Outline, explain and evaluate the regulation of the Australian financial system from 1996 to the present. IntroductionRapid changes in the Australian financial system have been witnessed from 1980s to present. The previous decade has been concluded as a time of rapid regulatory change. In March 1997; financial system Inquiry (FSI) gave its report proposing new regulatory systems for Australian financial systems. In 1998 (APRA) Australian Prudential Regulation Authority was formed. Australian Securities and Investments Commission (ASIC) took the responsibility of ensuring that consumers are protected in the financial sector. In the same year, Payment system board was formed.

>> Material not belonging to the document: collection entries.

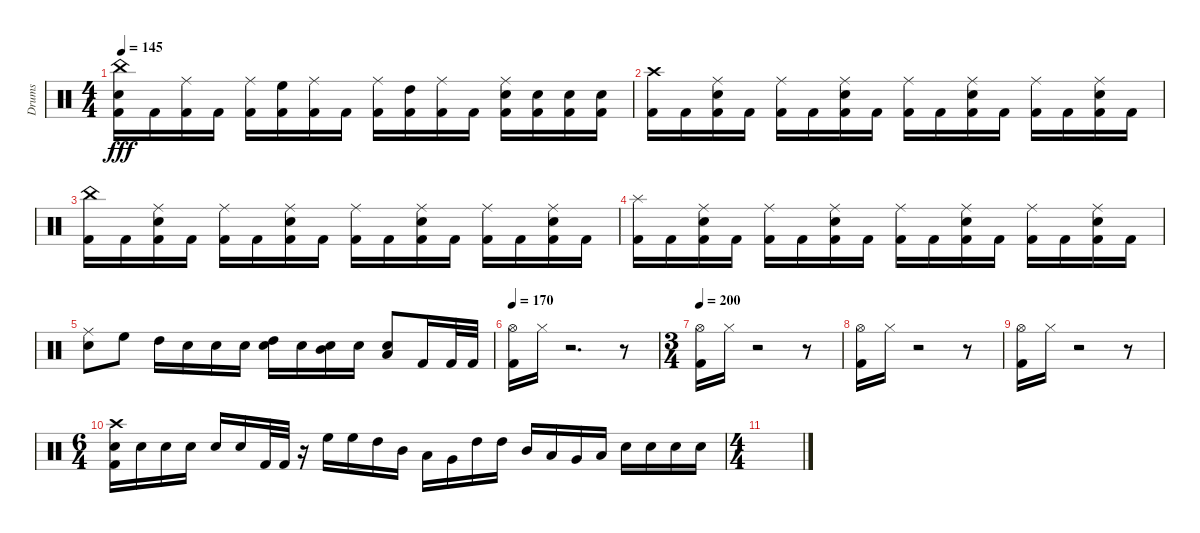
\track ("Drums" "Drums") {instrument percussion}
\staff {score}
\articulation defaults
\ts (4 4)
\tempo 145
\clef neutral
\ks c
("Electric Snare (hit)" "Kick (hit) 2" "China (hit)").16{dy fff} "Kick (hit) 2".16 ("Kick (hit) 2" "Ride (middle)").16 "Kick (hit) 2".16 ("Kick (hit) 2" "Ride (middle)").16 ("Kick (hit) 2" "High Floor Tom (hit)").16 ("Kick (hit) 2" "Ride (middle)").16 "Kick (hit) 2".16 ("Kick (hit) 2" "Ride (middle)").16 ("Kick (hit) 2" "High Tom (hit)").16 ("Kick (hit) 2" "Ride (middle)").16 "Kick (hit) 2".16 ("Kick (hit) 2" "Electric Snare (hit)" "Ride (middle)").16 ("Kick (hit) 2" "Electric Snare (hit)").16 ("Kick (hit) 2" "Electric Snare (hit)").16 ("Kick (hit) 2" "Electric Snare (hit)").16 |
("Kick (hit) 2" "Crash high (hit)").16 "Kick (hit) 2".16 ("Electric Snare (hit)" "Kick (hit) 2" "Ride (middle)").16 "Kick (hit) 2".16 ("Kick (hit) 2" "Ride (middle)").16 "Kick (hit) 2".16 ("Electric Snare (hit)" "Kick (hit) 2" "Ride (middle)").16 "Kick (hit) 2".16 ("Kick (hit) 2" "Ride (middle)").16 "Kick (hit) 2".16 ("Electric Snare (hit)" "Kick (hit) 2" "Ride (middle)").16 "Kick (hit) 2".16 ("Kick (hit) 2" "Ride (middle)").16 "Kick (hit) 2".16 ("Electric Snare (hit)" "Kick (hit) 2" "Ride (middle)").16 "Kick (hit) 2".16 |
("Kick (hit) 2" "China (hit)").16 "Kick (hit) 2".16 ("Electric Snare (hit)" "Kick (hit) 2" "Ride (middle)").16 "Kick (hit) 2".16 ("Kick (hit) 2" "Ride (middle)").16 "Kick (hit) 2".16 ("Electric Snare (hit)" "Kick (hit) 2" "Ride (middle)").16 "Kick (hit) 2".16 ("Kick (hit) 2" "Ride (middle)").16 "Kick (hit) 2".16 ("Electric Snare (hit)" "Kick (hit) 2" "Ride (middle)").16 "Kick (hit) 2".16 ("Kick (hit) 2" "Ride (middle)").16 "Kick (hit) 2".16 ("Electric Snare (hit)" "Kick (hit) 2" "Ride (middle)").16 "Kick (hit) 2".16 |
("Kick (hit) 2" "Splash (hit)").16 "Kick (hit) 2".16 ("Electric Snare (hit)" "Kick (hit) 2" "Ride (middle)").16 "Kick (hit) 2".16 ("Kick (hit) 2" "Ride (middle)").16 "Kick (hit) 2".16 ("Electric Snare (hit)" "Kick (hit) 2" "Ride (middle)").16 "Kick (hit) 2".16 ("Kick (hit) 2" "Ride (middle)").16 "Kick (hit) 2".16 ("Electric Snare (hit)" "Kick (hit) 2" "Ride (middle)").16 "Kick (hit) 2".16 ("Kick (hit) 2" "Ride (middle)").16 "Kick (hit) 2".16 ("Kick (hit) 2" "Ride (middle)" "Electric Snare (hit)").16 "Kick (hit) 2".16 |
("Ride (middle)" "Electric Snare (hit)").8 "High Floor Tom (hit)".8 "High Tom (hit)".16 "Electric Snare (hit)".16 "Electric Snare (hit)".16 "Electric Snare (hit)".16 ("High Tom (hit)" "Electric Snare (hit)").16 "Electric Snare (hit)".16 ("Mid Tom (hit)" "Electric Snare (hit)").16 "Electric Snare (hit)".16 ("Low Tom (hit)" "Electric Snare (hit)").8 "Kick (hit) 2".16 "Kick (hit) 2".32 "Kick (hit) 2".32 |
\tempo 170
("Hi-Hat (open)" "Kick (hit) 2").16 "Hi-Hat (closed)".16 r.2{d} r.8 |
\ts (3 4)
\tempo 200
("Hi-Hat (open)" "Kick (hit) 2").16 "Hi-Hat (closed)".16 r.2 r.8 |
("Hi-Hat (open)" "Kick (hit) 2").16 "Hi-Hat (closed)".16 r.2 r.8 |
("Hi-Hat (open)" "Kick (hit) 2").16 "Hi-Hat (closed)".16 r.2 r.8 |
\ts (6 4)
("Crash high (hit)" "Kick (hit) 2" "Electric Snare (hit)").16 "Electric Snare (hit)".16 "Electric Snare (hit)".16 "Electric Snare (hit)".16 "Electric Snare (hit)".16 "Electric Snare (hit)".16 "Kick (hit) 2".32 "Kick (hit) 2".32 r.16 "High Floor Tom (hit)".16 "High Floor Tom (hit)".16 "High Tom (hit)".16 "Mid Tom (hit)".16 "Low Tom (hit)".16 "Very Low Tom (hit)".16 "High Tom (hit)".16 "High Tom (hit)".16 "Mid Tom (hit)".16 "Low Tom (hit)".16 "Very Low Tom (hit)".16 "Low Floor Tom (hit)".16 "Electric Snare (hit)".16 "Electric Snare (hit)".16 "Electric Snare (hit)".16 "Electric Snare (hit)".16 |
\ts (4 4)

This was within the Reserve Bank of Australia (RBA) and in addition there was introduction of a fresh payment system regulation. Due to these innovations there were international and local developments in Australia. The financial sector Act 2001 began in the same year. In 2002 Financial Services Reform Act 2001 was established. This Act brought about new licensing, disclosure rules and conduct on financial intermediaries, participants and financial operators, (Bottomley, 2003). As noted from Australian Government (2007), APRA was been introduced in 2004.

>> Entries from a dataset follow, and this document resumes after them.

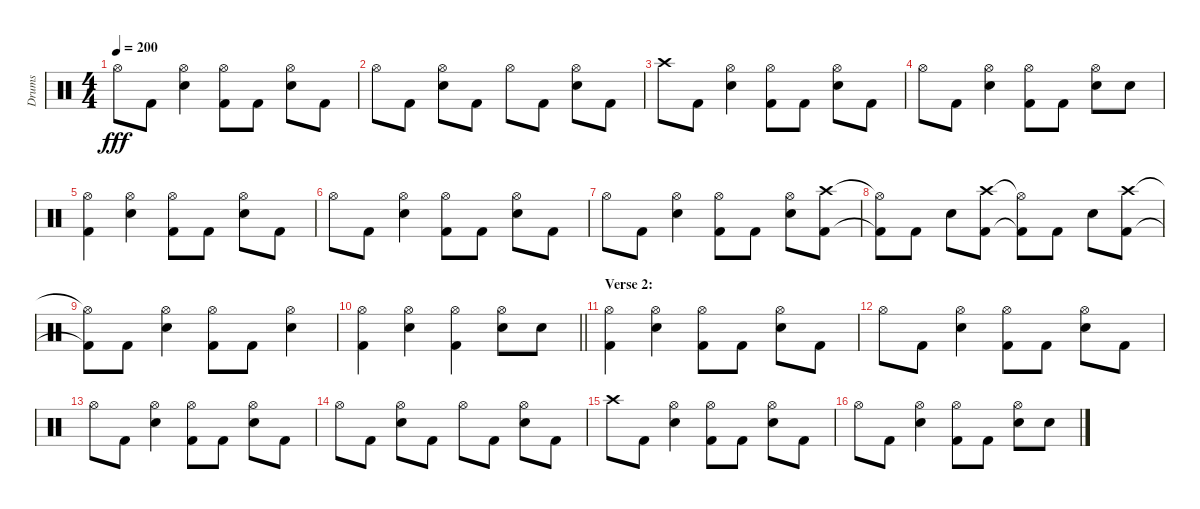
\track ("Drums" "Drums") {instrument percussion}
\staff {score}
\articulation defaults
\ts (4 4)
\tempo 200
\clef neutral
\ks c "Hi-Hat (open)".8{dy fff} "Kick (hit) 2".8
("Hi-Hat (open)" "Electric Snare (hit)").4 ("Hi-Hat (open)" "Kick (hit) 2").8 "Kick (hit) 2".8 ("Hi-Hat (open)" "Electric Snare (hit)").8 "Kick (hit) 2".8 |
"Hi-Hat (open)".8 "Kick (hit) 2".8 ("Hi-Hat (open)" "Electric Snare (hit)").8 "Kick (hit) 2".8 "Hi-Hat (open)".8 "Kick (hit) 2".8 ("Hi-Hat (open)" "Electric Snare (hit)").8 "Kick (hit) 2".8 |
"Crash high (hit)".8 "Kick (hit) 2".8 ("Hi-Hat (open)" "Electric Snare (hit)").4 ("Hi-Hat (open)" "Kick (hit) 2").8 "Kick (hit) 2".8 ("Hi-Hat (open)" "Electric Snare (hit)").8 "Kick (hit) 2".8 |
"Hi-Hat (open)".8 "Kick (hit) 2".8 ("Hi-Hat (open)" "Electric Snare (hit)").4 ("Hi-Hat (open)" "Kick (hit) 2").8 "Kick (hit) 2".8 ("Hi-Hat (open)" "Electric Snare (hit)").8 "Electric Snare (hit)".8 |
("Hi-Hat (open)" "Kick (hit) 2").4 ("Hi-Hat (open)" "Electric Snare (hit)").4 ("Hi-Hat (open)" "Kick (hit) 2").8 "Kick (hit) 2".8 ("Hi-Hat (open)" "Electric Snare (hit)").8 "Kick (hit) 2".8 |
"Hi-Hat (open)".8 "Kick (hit) 2".8 ("Hi-Hat (open)" "Electric Snare (hit)").4 ("Hi-Hat (open)" "Kick (hit) 2").8 "Kick (hit) 2".8 ("Hi-Hat (open)" "Electric Snare (hit)").8 "Kick (hit) 2".8 |
"Hi-Hat (open)".8 "Kick (hit) 2".8 ("Hi-Hat (open)" "Electric Snare (hit)").4 ("Hi-Hat (open)" "Kick (hit) 2").8 "Kick (hit) 2".8 ("Hi-Hat (open)" "Electric Snare (hit)").8 ("Crash high (hit)" "Kick (hit) 2").8 |
("Hi-Hat (open)"{t} "Kick (hit) 2"{t}).8 "Kick (hit) 2".8 "Electric Snare (hit)".8 ("Crash high (hit)" "Kick (hit) 2").8 ("Hi-Hat (open)"{t} "Kick (hit) 2"{t}).8 "Kick (hit) 2".8 "Electric Snare (hit)".8 ("Crash high (hit)" "Kick (hit) 2").8 |
("Hi-Hat (open)"{t} "Kick (hit) 2"{t}).8 "Kick (hit) 2".8 ("Hi-Hat (open)" "Electric Snare (hit)").4 ("Hi-Hat (open)" "Kick (hit) 2").8 "Kick (hit) 2".8 ("Hi-Hat (open)" "Electric Snare (hit)").4 |
\barLineRight lightlight
("Hi-Hat (open)" "Kick (hit) 2").4 ("Hi-Hat (open)" "Electric Snare (hit)").4 ("Hi-Hat (open)" "Kick (hit) 2").4 ("Hi-Hat (open)" "Electric Snare (hit)").8 "Electric Snare (hit)".8 |
\section ("" "Verse 2:")
("Hi-Hat (open)" "Kick (hit) 2").4 ("Hi-Hat (open)" "Electric Snare (hit)").4 ("Hi-Hat (open)" "Kick (hit) 2").8 "Kick (hit) 2".8 ("Hi-Hat (open)" "Electric Snare (hit)").8 "Kick (hit) 2".8 |
"Hi-Hat (open)".8 "Kick (hit) 2".8 ("Hi-Hat (open)" "Electric Snare (hit)").4 ("Hi-Hat (open)" "Kick (hit) 2").8 "Kick (hit) 2".8 ("Hi-Hat (open)" "Electric Snare (hit)").8 "Kick (hit) 2".8 |
"Hi-Hat (open)".8 "Kick (hit) 2".8 ("Hi-Hat (open)" "Electric Snare (hit)").4 ("Hi-Hat (open)" "Kick (hit) 2").8 "Kick (hit) 2".8 ("Hi-Hat (open)" "Electric Snare (hit)").8 "Kick (hit) 2".8 |
"Hi-Hat (open)".8 "Kick (hit) 2".8 ("Hi-Hat (open)" "Electric Snare (hit)").8 "Kick (hit) 2".8 "Hi-Hat (open)".8 "Kick (hit) 2".8 ("Hi-Hat (open)" "Electric Snare (hit)").8 "Kick (hit) 2".8 |
"Crash high (hit)".8 "Kick (hit) 2".8 ("Hi-Hat (open)" "Electric Snare (hit)").4 ("Hi-Hat (open)" "Kick (hit) 2").8 "Kick (hit) 2".8 ("Hi-Hat (open)" "Electric Snare (hit)").8 "Kick (hit) 2".8 |
"Hi-Hat (open)".8 "Kick (hit) 2".8 ("Hi-Hat (open)" "Electric Snare (hit)").4 ("Hi-Hat (open)" "Kick (hit) 2").8 "Kick (hit) 2".8 ("Hi-Hat (open)" "Electric Snare (hit)").8 "Electric Snare (hit)".8

This was a body which dealt with licensing for the superannuation trustees, while in 2007 to date changes which result from Basel II and which lead to prudential regulations are being introduced. These regulatory changes have affected the financial sectors abundantly. Structures of financial system usually changes regularly due to financial innovations and inventions and also as a result of changes in the regulatory framework and economic environment. These factors have led to generation of major changes and as a result this period became the most eventful in the country’s financial history.
There was deregulation which was introduced by Campbell committee as a result of elimination of controls resulting to entry of foreign banks in the country. Deregulation also resulted to new markets and new financial institutions, (Green, 1991). Financial regulation is defined as actions that control and command decisions made by individuals in order to prevent individual decision making which would foresee public interest, (Bottomley, 2003). Regulation can be imposed by a third party or may also be self imposed. In many countries government intervenes in industries or markets through administrative laws, moral suasion, laws and also taxation.
On the other hand, self regulation can be in form of codes of conducts or through industry associations. The performance and efficiency of the market is determined by the practice and design of regulatory framework. This means that market behavior will be shaped by regulatory framework. The benefits of good regulation are that it helps financial services to operate efficiently and profitably, (Hornstein, 2005). There is also confidence while carrying out businesses as companies can get loans in Australian markets at competitive rates with other world markets.
In order to increase the effectiveness and efficiency of the financial regulatory system Wallis report suggested that changes had to be made in the system. As a result of new technology, changing customer needs including economic policy reforms, the Australian financial system has resulted to new changes, (Green, 1991). Corporations and financial services commission (CFSC) has been recommended in the Australian financial system in order to take care of regulations of financial markets, corporations and also financial consumer protection. This would come in place of Australian securities commission which has been termed as inefficient and ineffective.
CFSC should be given powers by the legislature in order to be able to carry out its duties.